One of the Google Sites that I want to enable TLS for is cs.likai.org which is a classic Google Sites. The site can also be accessed over HTTPS as sites.google.com/a/likai.org/cs, but when accessed in this manner, the links generated in the page have the wrong base URI (the full sites.google.com etc) which won't work when served over a custom domain. On the other hand, Google Sites refuses to serve HTTPS for custom domains, so the origin protocol would have to be plain HTTP. Even so, there is another problem: style sheet and images have HTTP links as well, so when naively served over HTTPS, content policy would block those resources and break the rendering of the site.

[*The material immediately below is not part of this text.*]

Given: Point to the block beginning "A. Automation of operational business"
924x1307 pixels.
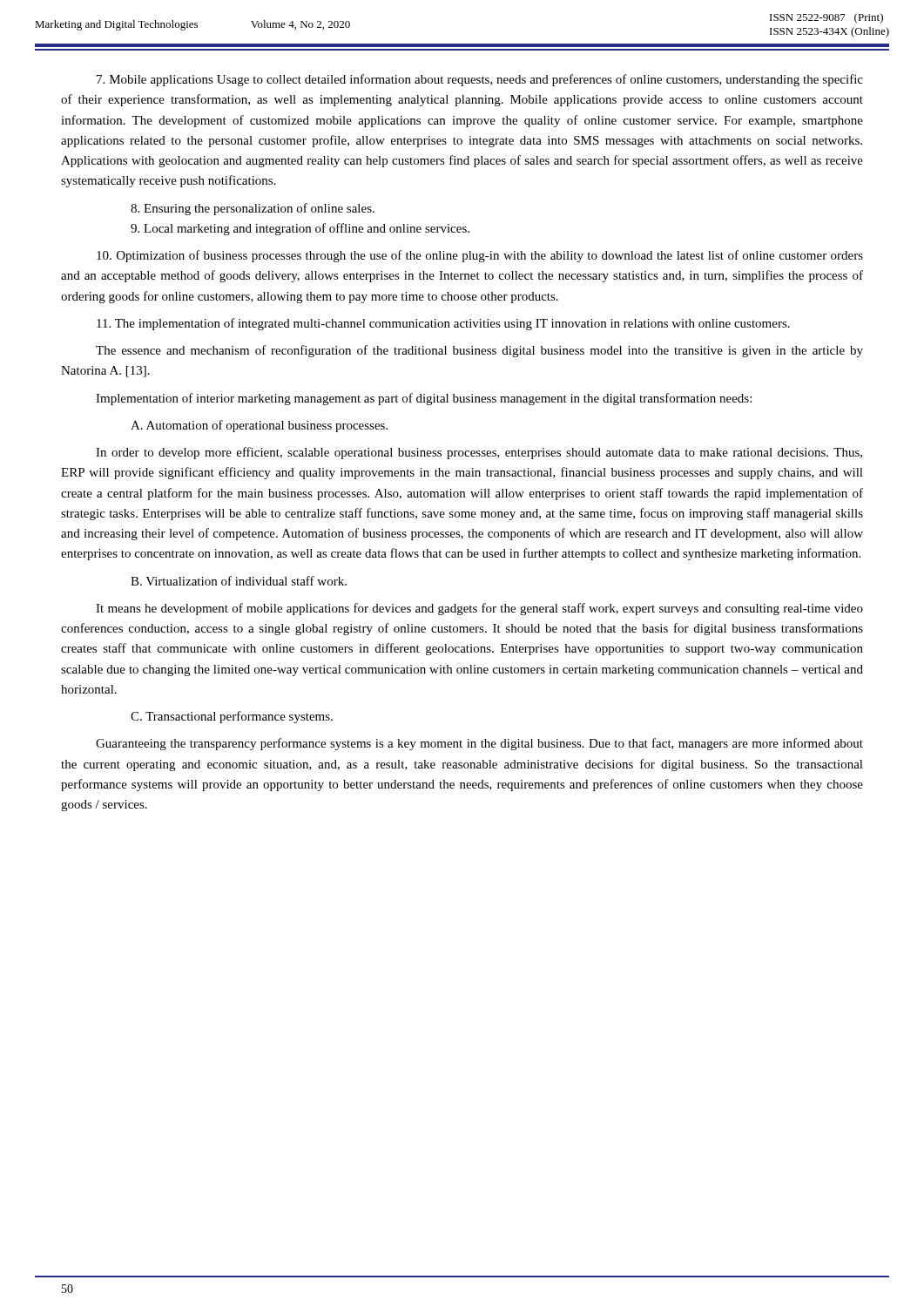Looking at the screenshot, I should [x=259, y=426].

As I was playing around, I noticed that we can use AWS Lambda with CloudFront to rewrite requests and responses, also known as Lambda@Edge. This can be used to rewrite the links in the page to the preferred scheme-less form. For example, http://example.com/foo/bar would become //example.com/foo/bar, which means when the base document is served over HTTPS, then the link to example.com will also be HTTPS, but the link would be HTTP for base document served over HTTP. Of course, since you can rewrite the response body with Lambda, I could have used https://sites.google.com/a/likai.org/cs as my origin so I could have end-to-end encryption, and trim the base URI from the response.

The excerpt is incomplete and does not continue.